(Beginning of RECORDS FOR THIS TASK)

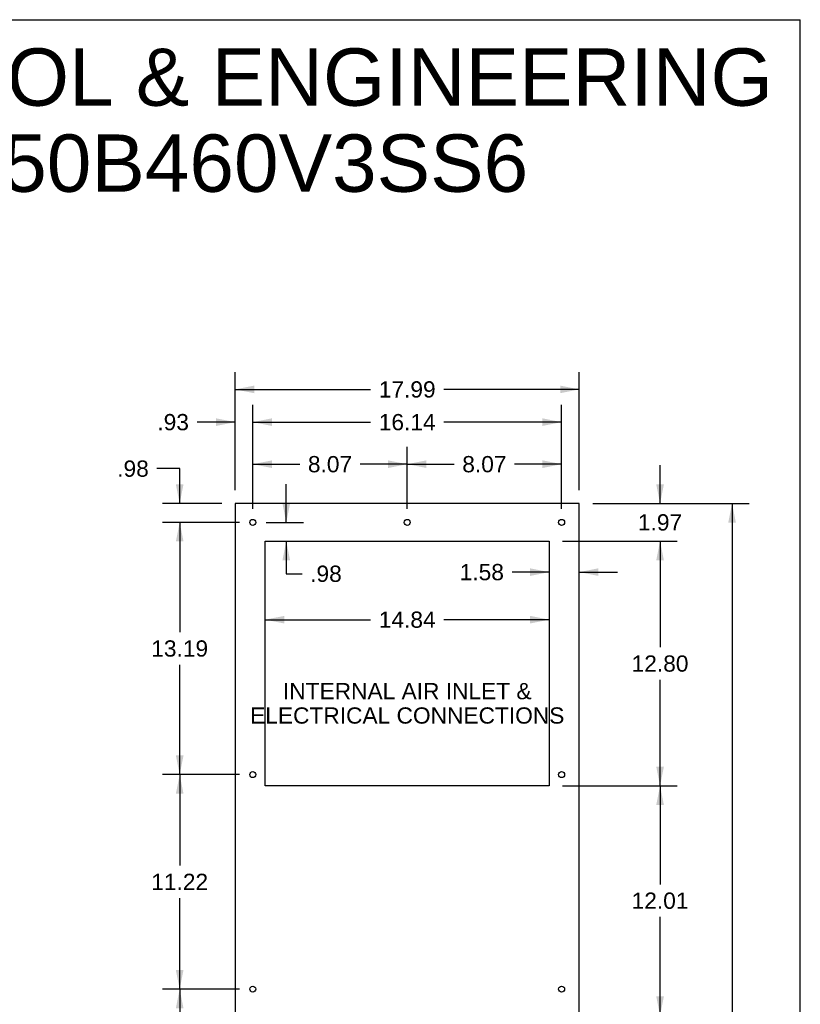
# Model space of a CAD drawing. Header units: inches. Extents: x 0 to 170, y 0 to 110.
# Tile 12 of 12: x 129 to 170, y 59 to 110. Entities that reach past the tile are written whole.
import ezdxf

# ---------------------------------------------------------------- set-up
doc = ezdxf.new("R2010")
doc.units = ezdxf.units.IN
doc.header["$LTSCALE"] = 9.35
doc.header["$MEASUREMENT"] = 0
doc.layers.get('0').update_dxf_attribs({"linetype": 'CONTINUOUS'})
doc.layers.add('DIMENSIONS', color=7, linetype='CONTINUOUS')
doc.styles.get("Standard").update_dxf_attribs({"font": 'arial.ttf'})
doc.dimstyles.new('DIMSTYLE_1', dxfattribs={"dimtxt": 0.85, "dimasz": 1, "dimexe": 0.09, "dimexo": 0.07, "dimgap": 0.0425, "dimtad": 0, "dimtih": 1, "dimtoh": 1, "dimzin": 4, "dimdsep": 46, "dimtxsty": 'Standard', "dimblk": '_FILLED', "dimblk1": '_FILLED', "dimblk2": '_FILLED', "dimcen": 0.09, "dimazin": 1, "dimtfac": 1, "dimtdec": 3, "dimtofl": 0, "dimtmove": 0, "dimatfit": 3, "dimldrblk": '_FILLED', "dimfxl": 0, "dimtolj": 1, "dimtzin": 4, "dimarcsym": 0})

# ---------------------------------------------------------------- blocks, each defined once
blk = doc.blocks.new('_FILLED')
at = {"color": 0, "linetype": 'ByBlock'}
blk.add_solid([(0, 0), (-1, 0.2), (-1, -0.2)], dxfattribs=at)
blk = doc.blocks.new('*D4')
at = {"layer": 'DIMENSIONS', "color": 2, "linetype": 'Continuous'}
for p, q in [((159.148, 84.698), (167.334, 84.698)), ((166.434, 84.698), (166.434, 55.036)), ((166.434, 23.675), (166.434, 53.336)), ((159.148, 23.675), (167.334, 23.675))]:
    blk.add_line(p, q, dxfattribs=at)
for p, rotation in [((166.434, 84.698), 90), ((166.434, 23.675), 270)]:
    blk.add_blockref('_FILLED', p, dxfattribs=dict(at, rotation=rotation))
at = {"layer": 'DIMENSIONS', "color": 2, "linetype": 'Continuous', "insert": (166.434, 54.611), "char_height": 0.85, "width": 2.97026, "attachment_point": 2, "line_spacing_factor": 0.9}
blk.add_mtext('61.02', dxfattribs=at)
blk = doc.blocks.new('*D5')
at = {"layer": 'DIMENSIONS', "color": 2, "linetype": 'Continuous'}
for p, q in [((140.456, 85.398), (140.456, 91.567)), ((158.448, 85.398), (158.448, 91.567)), ((140.456, 90.667), (147.542, 90.667)), ((158.448, 90.667), (151.362, 90.667))]:
    blk.add_line(p, q, dxfattribs=at)
at = {"layer": 'DIMENSIONS', "color": 2, "linetype": 'Continuous', "rotation": 180}
blk.add_blockref('_FILLED', (140.456, 90.667), dxfattribs=at)
at = {"layer": 'DIMENSIONS', "color": 2, "linetype": 'Continuous'}
blk.add_blockref('_FILLED', (158.448, 90.667), dxfattribs=at)
at = {"layer": 'DIMENSIONS', "color": 2, "linetype": 'Continuous', "insert": (149.452, 91.092), "char_height": 0.85, "width": 2.97026, "attachment_point": 2, "line_spacing_factor": 0.9}
blk.add_mtext('17.99', dxfattribs=at)
blk = doc.blocks.new('*D6')
at = {"layer": 'DIMENSIONS', "color": 2, "linetype": 'Continuous'}
for p, q in [((162.669, 84.698), (162.669, 86.698)), ((159.148, 84.698), (163.569, 84.698)), ((157.573, 82.73), (163.569, 82.73)), ((162.669, 82.73), (162.669, 80.73))]:
    blk.add_line(p, q, dxfattribs=at)
for p, rotation in [((162.669, 84.698), 270), ((162.669, 82.73), 90)]:
    blk.add_blockref('_FILLED', p, dxfattribs=dict(at, rotation=rotation))
at = {"layer": 'DIMENSIONS', "color": 2, "linetype": 'Continuous', "insert": (162.669, 84.139), "char_height": 0.85, "width": 2.30985, "attachment_point": 2, "line_spacing_factor": 0.9}
blk.add_mtext('1.97', dxfattribs=at)
blk = doc.blocks.new('*D7')
at = {"layer": 'DIMENSIONS', "color": 2, "linetype": 'Continuous'}
for p, q in [((157.573, 82.73), (163.569, 82.73)), ((162.669, 82.73), (162.669, 77.182)), ((162.669, 69.935), (162.669, 75.482)), ((157.573, 69.935), (163.569, 69.935))]:
    blk.add_line(p, q, dxfattribs=at)
for p, rotation in [((162.669, 82.73), 90), ((162.669, 69.935), 270)]:
    blk.add_blockref('_FILLED', p, dxfattribs=dict(at, rotation=rotation))
at = {"layer": 'DIMENSIONS', "color": 2, "linetype": 'Continuous', "insert": (162.669, 76.757), "char_height": 0.85, "width": 2.97026, "attachment_point": 2, "line_spacing_factor": 0.9}
blk.add_mtext('12.80', dxfattribs=at)
blk = doc.blocks.new('*D8')
at = {"layer": 'DIMENSIONS', "color": 2, "linetype": 'Continuous'}
for p, q in [((157.573, 69.935), (163.569, 69.935)), ((162.669, 69.935), (162.669, 64.781)), ((162.669, 57.928), (162.669, 63.081)), ((157.573, 57.928), (163.569, 57.928))]:
    blk.add_line(p, q, dxfattribs=at)
for p, rotation in [((162.669, 69.935), 90), ((162.669, 57.928), 270)]:
    blk.add_blockref('_FILLED', p, dxfattribs=dict(at, rotation=rotation))
at = {"layer": 'DIMENSIONS', "color": 2, "linetype": 'Continuous', "insert": (162.669, 64.356), "char_height": 0.85, "width": 2.97026, "attachment_point": 2, "line_spacing_factor": 0.9}
blk.add_mtext('12.01', dxfattribs=at)
blk = doc.blocks.new('*D11')
at = {"layer": 'DIMENSIONS', "color": 2, "linetype": 'Continuous'}
for p, q in [((142.031, 78.625), (147.542, 78.625)), ((156.873, 78.625), (151.362, 78.625))]:
    blk.add_line(p, q, dxfattribs=at)
at = {"layer": 'DIMENSIONS', "color": 2, "linetype": 'Continuous', "rotation": 180}
blk.add_blockref('_FILLED', (142.031, 78.625), dxfattribs=at)
at = {"layer": 'DIMENSIONS', "color": 2, "linetype": 'Continuous'}
blk.add_blockref('_FILLED', (156.873, 78.625), dxfattribs=at)
at = {"layer": 'DIMENSIONS', "color": 2, "linetype": 'Continuous', "insert": (149.452, 79.05), "char_height": 0.85, "width": 2.97026, "attachment_point": 2, "line_spacing_factor": 0.9}
blk.add_mtext('14.84', dxfattribs=at)
blk = doc.blocks.new('*D12')
at = {"layer": 'DIMENSIONS', "color": 2, "linetype": 'Continuous'}
for p, q in [((149.452, 84.414), (149.452, 87.657)), ((157.522, 84.414), (157.522, 87.657)), ((149.452, 86.757), (151.907, 86.757)), ((157.522, 86.757), (155.067, 86.757))]:
    blk.add_line(p, q, dxfattribs=at)
at = {"layer": 'DIMENSIONS', "color": 2, "linetype": 'Continuous', "rotation": 180}
blk.add_blockref('_FILLED', (149.452, 86.757), dxfattribs=at)
at = {"layer": 'DIMENSIONS', "color": 2, "linetype": 'Continuous'}
blk.add_blockref('_FILLED', (157.522, 86.757), dxfattribs=at)
at = {"layer": 'DIMENSIONS', "color": 2, "linetype": 'Continuous', "insert": (153.487, 87.182), "char_height": 0.85, "width": 2.30985, "attachment_point": 2, "line_spacing_factor": 0.9}
blk.add_mtext('8.07', dxfattribs=at)
blk = doc.blocks.new('*D13')
at = {"layer": 'DIMENSIONS', "color": 2, "linetype": 'Continuous'}
for p, q in [((141.382, 84.414), (141.382, 87.657)), ((149.452, 84.414), (149.452, 87.657)), ((141.382, 86.757), (143.837, 86.757)), ((149.452, 86.757), (146.997, 86.757))]:
    blk.add_line(p, q, dxfattribs=at)
at = {"layer": 'DIMENSIONS', "color": 2, "linetype": 'Continuous', "rotation": 180}
blk.add_blockref('_FILLED', (141.382, 86.757), dxfattribs=at)
at = {"layer": 'DIMENSIONS', "color": 2, "linetype": 'Continuous'}
blk.add_blockref('_FILLED', (149.452, 86.757), dxfattribs=at)
at = {"layer": 'DIMENSIONS', "color": 2, "linetype": 'Continuous', "insert": (145.417, 87.182), "char_height": 0.85, "width": 2.30985, "attachment_point": 2, "line_spacing_factor": 0.9}
blk.add_mtext('8.07', dxfattribs=at)
blk = doc.blocks.new('*D14')
at = {"layer": 'DIMENSIONS', "color": 2, "linetype": 'Continuous'}
for p, q in [((140.456, 85.398), (140.456, 89.855)), ((141.382, 84.414), (141.382, 89.855)), ((140.456, 88.955), (138.468, 88.955)), ((141.382, 88.955), (143.382, 88.955))]:
    blk.add_line(p, q, dxfattribs=at)
blk.add_blockref('_FILLED', (140.456, 88.955), dxfattribs=at)
at = {"layer": 'DIMENSIONS', "color": 2, "linetype": 'Continuous', "rotation": 180}
blk.add_blockref('_FILLED', (141.382, 88.955), dxfattribs=at)
at = {"layer": 'DIMENSIONS', "color": 2, "linetype": 'Continuous', "insert": (138.043, 89.38), "char_height": 0.85, "width": 1.64944, "attachment_point": 3, "line_spacing_factor": 0.9}
blk.add_mtext('.93', dxfattribs=at)
blk = doc.blocks.new('*D15')
at = {"layer": 'DIMENSIONS', "color": 2, "linetype": 'Continuous'}
for p, q in [((137.559, 86.525), (136.37, 86.525)), ((137.559, 84.698), (137.559, 86.525)), ((139.756, 84.698), (136.659, 84.698)), ((140.682, 83.714), (136.659, 83.714)), ((137.559, 83.714), (137.559, 81.714))]:
    blk.add_line(p, q, dxfattribs=at)
for p, rotation in [((137.559, 84.698), 270), ((137.559, 83.714), 90)]:
    blk.add_blockref('_FILLED', p, dxfattribs=dict(at, rotation=rotation))
at = {"layer": 'DIMENSIONS', "color": 2, "linetype": 'Continuous', "insert": (135.945, 86.95), "char_height": 0.85, "width": 1.64944, "attachment_point": 3, "line_spacing_factor": 0.9}
blk.add_mtext('.98', dxfattribs=at)
blk = doc.blocks.new('*D16')
at = {"layer": 'DIMENSIONS', "color": 2, "linetype": 'Continuous'}
for p, q in [((143.13, 83.714), (143.13, 85.714)), ((142.082, 83.714), (144.03, 83.714)), ((143.13, 82.73), (143.13, 81.027)), ((143.13, 81.027), (143.955, 81.027))]:
    blk.add_line(p, q, dxfattribs=at)
for p, rotation in [((143.13, 83.714), 270), ((143.13, 82.73), 90)]:
    blk.add_blockref('_FILLED', p, dxfattribs=dict(at, rotation=rotation))
at = {"layer": 'DIMENSIONS', "color": 2, "linetype": 'Continuous', "insert": (144.38, 81.452), "char_height": 0.85, "width": 1.64944, "attachment_point": 1, "line_spacing_factor": 0.9}
blk.add_mtext('.98', dxfattribs=at)
blk = doc.blocks.new('*D17')
at = {"layer": 'DIMENSIONS', "color": 2, "linetype": 'Continuous'}
for p, q in [((156.873, 81.113), (154.933, 81.113)), ((158.448, 81.113), (160.448, 81.113))]:
    blk.add_line(p, q, dxfattribs=at)
blk.add_blockref('_FILLED', (156.873, 81.113), dxfattribs=at)
at = {"layer": 'DIMENSIONS', "color": 2, "linetype": 'Continuous', "rotation": 180}
blk.add_blockref('_FILLED', (158.448, 81.113), dxfattribs=at)
at = {"layer": 'DIMENSIONS', "color": 2, "linetype": 'Continuous', "insert": (154.508, 81.538), "char_height": 0.85, "width": 2.30985, "attachment_point": 3, "line_spacing_factor": 0.9}
blk.add_mtext('1.58', dxfattribs=at)
blk = doc.blocks.new('*D18')
at = {"layer": 'DIMENSIONS', "color": 2, "linetype": 'Continuous'}
for p, q in [((141.382, 84.414), (141.382, 89.855)), ((157.522, 84.414), (157.522, 89.855)), ((141.382, 88.955), (147.542, 88.955)), ((157.522, 88.955), (151.362, 88.955))]:
    blk.add_line(p, q, dxfattribs=at)
at = {"layer": 'DIMENSIONS', "color": 2, "linetype": 'Continuous', "rotation": 180}
blk.add_blockref('_FILLED', (141.382, 88.955), dxfattribs=at)
at = {"layer": 'DIMENSIONS', "color": 2, "linetype": 'Continuous'}
blk.add_blockref('_FILLED', (157.522, 88.955), dxfattribs=at)
at = {"layer": 'DIMENSIONS', "color": 2, "linetype": 'Continuous', "insert": (149.452, 89.38), "char_height": 0.85, "width": 2.97026, "attachment_point": 2, "line_spacing_factor": 0.9}
blk.add_mtext('16.14', dxfattribs=at)
blk = doc.blocks.new('*D19')
at = {"layer": 'DIMENSIONS', "color": 2, "linetype": 'Continuous'}
for p, q in [((140.682, 83.714), (136.659, 83.714)), ((137.559, 83.714), (137.559, 77.969)), ((137.559, 70.525), (137.559, 76.269)), ((140.682, 70.525), (136.659, 70.525))]:
    blk.add_line(p, q, dxfattribs=at)
for p, rotation in [((137.559, 83.714), 90), ((137.559, 70.525), 270)]:
    blk.add_blockref('_FILLED', p, dxfattribs=dict(at, rotation=rotation))
at = {"layer": 'DIMENSIONS', "color": 2, "linetype": 'Continuous', "insert": (137.559, 77.544), "char_height": 0.85, "width": 2.97026, "attachment_point": 2, "line_spacing_factor": 0.9}
blk.add_mtext('13.19', dxfattribs=at)
blk = doc.blocks.new('*D20')
at = {"layer": 'DIMENSIONS', "color": 2, "linetype": 'Continuous'}
for p, q in [((140.682, 70.525), (136.659, 70.525)), ((137.559, 70.525), (137.559, 65.765)), ((137.559, 59.305), (137.559, 64.065)), ((140.682, 59.305), (136.659, 59.305))]:
    blk.add_line(p, q, dxfattribs=at)
for p, rotation in [((137.559, 70.525), 90), ((137.559, 59.305), 270)]:
    blk.add_blockref('_FILLED', p, dxfattribs=dict(at, rotation=rotation))
at = {"layer": 'DIMENSIONS', "color": 2, "linetype": 'Continuous', "insert": (137.559, 65.34), "char_height": 0.85, "width": 2.97026, "attachment_point": 2, "line_spacing_factor": 0.9}
blk.add_mtext('11.22', dxfattribs=at)
blk = doc.blocks.new('*D21')
at = {"layer": 'DIMENSIONS', "color": 2, "linetype": 'Continuous'}
for p, q in [((140.682, 59.305), (136.659, 59.305)), ((137.559, 59.305), (137.559, 52.872)), ((137.559, 44.739), (137.559, 51.172)), ((140.682, 44.739), (136.659, 44.739))]:
    blk.add_line(p, q, dxfattribs=at)
for p, rotation in [((137.559, 59.305), 90), ((137.559, 44.739), 270)]:
    blk.add_blockref('_FILLED', p, dxfattribs=dict(at, rotation=rotation))
at = {"layer": 'DIMENSIONS', "color": 2, "linetype": 'Continuous', "insert": (137.559, 52.447), "char_height": 0.85, "width": 2.97026, "attachment_point": 2, "line_spacing_factor": 0.9}
blk.add_mtext('14.57', dxfattribs=at)

msp = doc.modelspace()

# ---------------------------------------------------------------- linework, layer by layer
at = {"color": 7, "linetype": 'Continuous'}
for p, q in [((0, 110), (170, 110)), ((170, 0), (170, 110)), ((140.4563, 84.6975), (140.4563, 23.6745)), ((158.4483, 84.6975), (140.4563, 84.6975)), ((158.4483, 23.6745), (158.4483, 84.6975)), ((142.0313, 69.9345), (142.0313, 82.7295)), ((142.0313, 82.7295), (156.8733, 82.7295)), ((156.8733, 82.7295), (156.8733, 69.9345)), ((156.8733, 69.9345), (142.0313, 69.9345))]:
    msp.add_line(p, q, dxfattribs=at)
for centre in [(141.3823, 83.7135), (149.4523, 83.7135), (157.5223, 83.7135), (141.3823, 70.5245), (157.5223, 70.5245), (141.3823, 59.3045), (157.5223, 59.3045)]:
    msp.add_circle(centre, 0.156, dxfattribs=at)

# ---------------------------------------------------------------- texts
at = {"layer": 'DIMENSIONS', "color": 2, "linetype": 'Continuous', "attachment_point": 2, "line_spacing_factor": 0.9}
for s, insert, char_height, width in [('SAGINAW CONTROL & ENGINEERING\\PSCE-AC13650B460V3SS6', (130.6154, 108.5), 3, 75.769517), ('INTERNAL AIR INLET &\\PELECTRICAL CONNECTIONS', (149.4549, 75.3148), 0.85, 16.399628)]:
    msp.add_mtext(s, dxfattribs=dict(at, insert=insert, char_height=char_height, width=width))

# ---------------------------------------------------------------- dimensions: what is measured, and where the dimension line sits
at = {"layer": 'DIMENSIONS', "color": 2, "linetype": 'Continuous'}
for base, p1, p2, picture, middle in [((158.4483, 90.6671), (140.4563, 85.3275), (158.4483, 85.3275), '*D5', (149.4884, 90.6624)), ((141.3823, 88.9551), (140.4563, 85.3275), (141.3823, 84.3435), '*D14', (137.2431, 88.9503)), ((157.5223, 88.9551), (141.3823, 84.3435), (157.5223, 84.3435), '*D18', (149.4884, 88.9503)), ((158.4483339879, 81.1128834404), (156.8733339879, 82.7295278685), (158.4483339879, 84.6975278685), '*D17', (153.3885128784, 81.1081411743))]:
    dim = msp.add_linear_dim(base=base, p1=p1, p2=p2, dimstyle='DIMSTYLE_1', dxfattribs=at)
    dim.commit()
    dim.dimension.update_dxf_attribs({"geometry": picture, "text_midpoint": middle, "dimtype": 160})
for base, p1, p2, angle, picture, middle in [((141.3823, 86.7569), (149.4523, 84.3435), (141.3823, 84.3435), 180, '*D13', (145.4131, 86.7522)), ((149.4523, 86.7569), (157.5223, 84.3435), (149.4523, 84.3435), 180, '*D12', (153.4831, 86.7522)), ((137.5594, 83.7135), (139.8263, 84.6975), (140.7523, 83.7135), 270, '*D15', (135.1435, 86.5206)), ((162.6686, 82.7295), (159.0783, 84.6975), (157.5033, 82.7295), 270, '*D6', (162.7054, 83.7088)), ((143.1302, 83.7135), (142.0313, 82.7295), (142.0123, 83.7135), 90, '*D16', (145.2282, 81.0223)), ((166.4338, 23.6745), (159.0783, 84.6975), (159.0783, 23.6745), 270, '*D4', (166.4225, 54.1813)), ((137.5594, 70.5245), (140.7523, 83.7135), (140.7523, 70.5245), 270, '*D19', (137.5956, 77.1143)), ((142.0313, 78.6247), (156.8733, 82.7295), (142.0313, 82.7295), 180, '*D11', (149.4884, 78.62)), ((162.6685504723, 69.9345278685), (157.5033339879, 82.7295278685), (157.5033339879, 69.9345278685), 270, '*D7', (162.7046664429, 76.3272854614)), ((137.5594, 59.3045), (140.7523, 70.5245), (140.7523, 59.3045), 270, '*D20', (137.5908, 64.9161)), ((162.6686, 57.9275), (157.5033, 69.9345), (157.5033, 57.9275), 270, '*D8', (162.6225, 63.9263)), ((137.5594, 44.7385), (140.7523, 59.3045), (140.7523, 44.7385), 270, '*D21', (137.5956, 52.0168))]:
    dim = msp.add_linear_dim(base=base, p1=p1, p2=p2, angle=angle, dimstyle='DIMSTYLE_1', dxfattribs=at)
    dim.commit()
    dim.dimension.update_dxf_attribs({"geometry": picture, "text_midpoint": middle, "dimtype": 160})

doc.saveas('drawing.dxf')

(End of RECORDS FOR THIS TASK)

WORK ITEM:
All lines in the entries above that include "layers" should be found and copied.

FINISHED EXERCISE:
doc.layers.get('0').update_dxf_attribs({"linetype": 'CONTINUOUS'})
doc.layers.add('DIMENSIONS', color=7, linetype='CONTINUOUS')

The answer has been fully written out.